The historical testimony
It is worth noting how those who believed these Scriptures in the ancient world understood their meaning. This is only a sampling, and there are many more examples beyond these. One Jewish source from over a century before the time of the New Testament declares:
“I beg you, my child, to look at the heaven and the earth and see everything that is in them, and recognize that God did not make them out of things that existed,” (
2 Maccabees 7:28-29).
An early Jewish Midrash also preserves a conversation between a gentile philosopher and the first-century Jewish sage, Gamaliel, in which Gamaliel refutes the idea that God was merely an artist working with existing material.
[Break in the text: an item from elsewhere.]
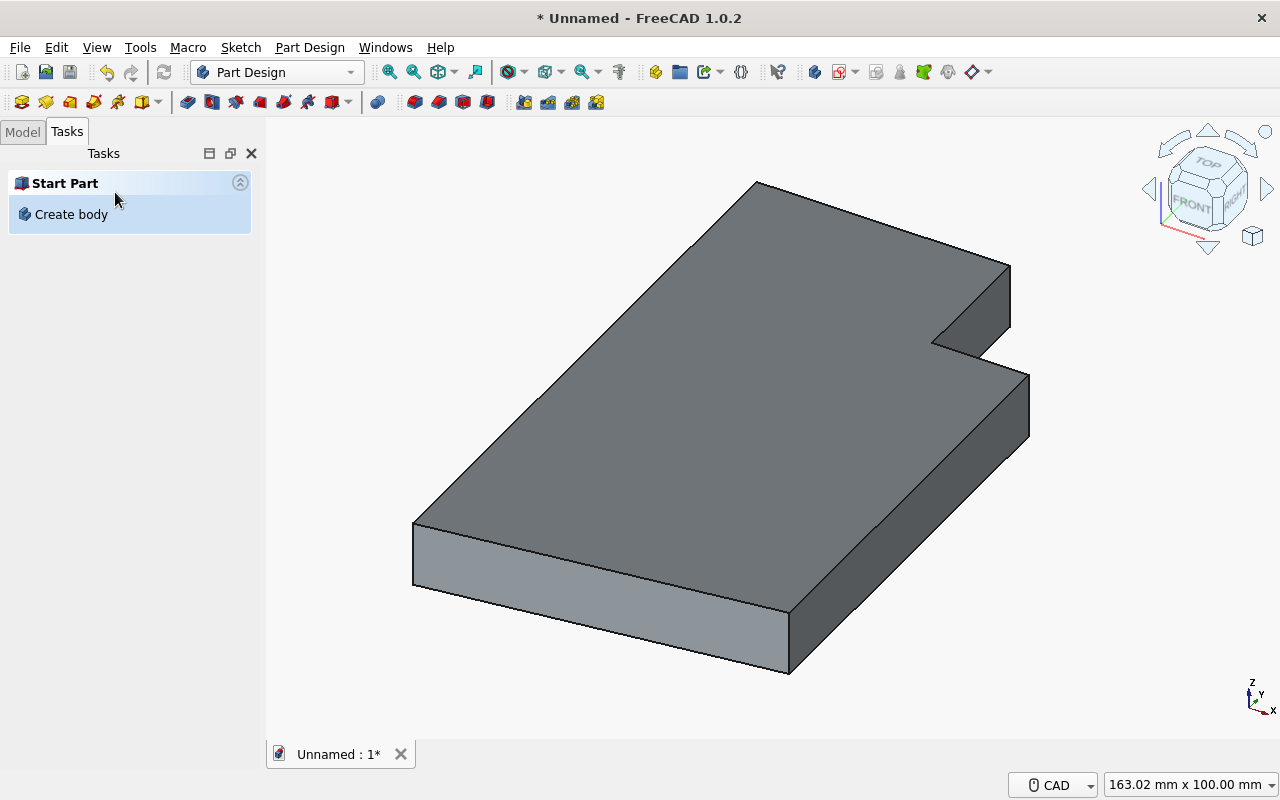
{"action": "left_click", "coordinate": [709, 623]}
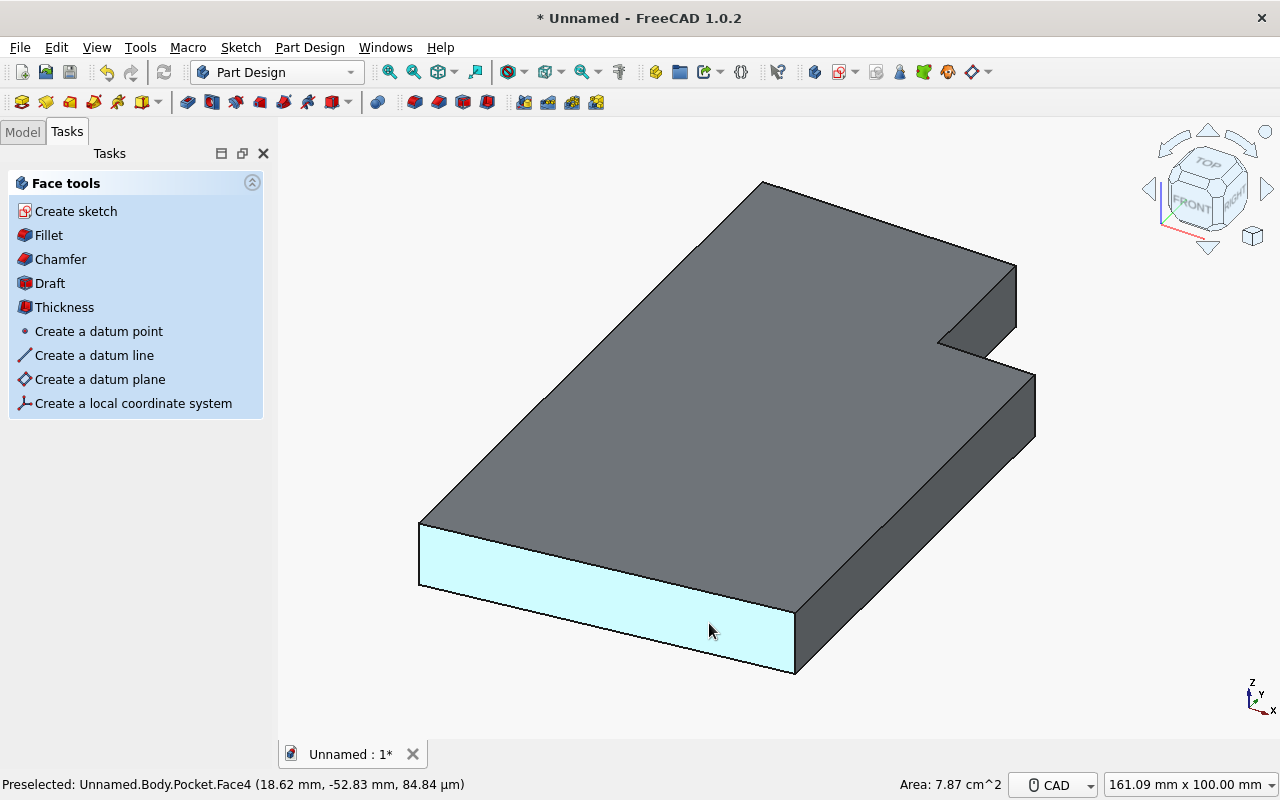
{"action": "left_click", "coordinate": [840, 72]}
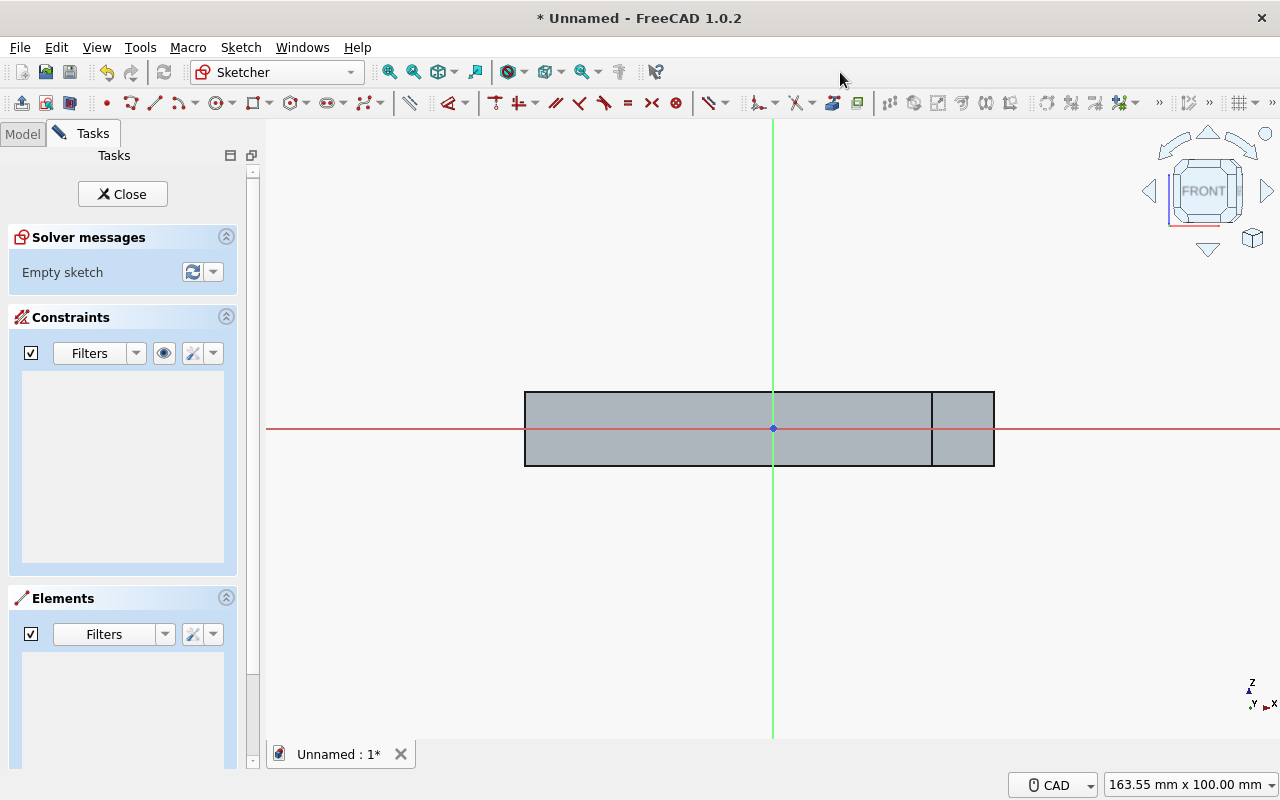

Gamaliel walks through a variety of biblical texts to argue that each of the supposed pre-existing materials was itself a creation of God, thus showing that God brought into existence even the substance from which creation is made.1 Even if this conversation were a fable that never actually occurred, it would be a very ancient fable that testifies to a Jewish understanding that the Old Testament Scriptures affirm creation out of nothing.
A Christian writer named Aristides, very early in the second century, wrote:
“Let us proceed then, O King, to the elements themselves that we may show in regard to them that they are not gods, but perishable and mutable, produced out of that which did not exist at the command of the true God, who is indestructible and immutable and invisible,” (Apology of Aristides Chapter 4).
And around the mid-second century, a Christian leader named Hermas wrote:
“God, who dwells in the heavens and made out of nothing the things that exist” (Shepherd of Hermas, Book 1, Chapter 1).
In the latter half of the second century, Irenaeus wrote of God’s creation of the universe:
“While men, indeed, cannot make anything out of nothing, but only out of matter already existing, yet God is in this point pre-eminently superior to men, that He Himself called into being the substance of His creation when previously it had no existence,” (Irenaeus, Against Heresies, Book 2, Chapter 10, Section 4).
Other second-century Christian leaders concurred in passages such as:
“The case stands thus: we can see that the whole structure of the world, and the whole creation, has been produced from matter, and the matter itself brought into existence by God” (Tatian, Address to the Greeks, Chapter 12).
“For the heavens are His work, the earth is His creation, the sea is His handiwork; man is His formation and His image; sun, moon, and stars are His elements, made for signs, and seasons, and days, and years, that they may serve and be slaves to man; and all things God has made out of things that were not into things that are, in order that through His works His greatness may be known and understood,” (Theophilus of Antioch, To Autolycus, Book 1, Chapter 4).
Tertullian, a leading figure in Latin Christianity in the later second and early third centuries, professes that the church held it to be a “rule of faith,” or an essential Christian doctrine, that “nothing except God was uncreated.”2 He elsewhere defines this “rule of faith”:
“There is one only God, and that He is none other than the Creator of the world, who produced all things out of nothing through His own Word,” (Tertullian, The Prescription Against Heresies, Chapter 13).
And further explains:
“The conclusion of the whole is this: I find that there was nothing made, except out of nothing; because that which I find was made, I know did not once exist. Whatever was made out of something, has its origin in something made: for instance, out of the ground was made the grass, and the fruit, and the cattle, and the form of man himself; so from the waters were produced the animals which swim and fly. The original fabrics out of which such creatures were produced I may call their materials, but then even these were created by God,” (Tertullian, Against Hermogenes, Chapter 33).
The earliest Christians clearly understood the Scriptures to teach that God created even the very substance, essence, and material of the world from nothing. He brought it into existence by the power of His Word.
The scientific testimony
It’s worth very briefly noting how scientific observations are consistent with the idea that the universe came into existence out of nothing rather than existing eternally or forming from pre-existing material. Modern astrophysics has confirmed by both mathematics and observation that the universe is continually expanding.3 This does not mean that the matter in the universe is spreading out into open space, but rather that space itself is expanding. This being the case, the universe was smaller in the past than it is today. If we trace it back, there is a maximum age for the universe. It eventually reduces back to a single point, and then to nothing. The universe can, of course, be much
younger than this. God need not have created the universe as a single point. He could have created (and, indeed, did create) the universe more fully developed than that and it has expanded from there. The point is, even if we knew nothing of when or how God created, we could still look around and know for sure that the universe was, indeed, brought into existence from nothing. An expanding universe must have a starting point. Even time and space could not exist before this point. Without any sort of universe, not even time or space, there can be no preexisting material substance. There is no matter from which the universe could be formed. Thus, even secular scientists agree that the universe came into existence from nothing.4 While there are a variety of models that, at best, delay the problem further into the past, none can escape the ultimate reality that even the very substance of the universe had a beginning. These facts also negate eternal, cyclical models of the universe found in many eastern religions in which the universe has always existed. The universe is finite. It began to exist, and there was no matter before it."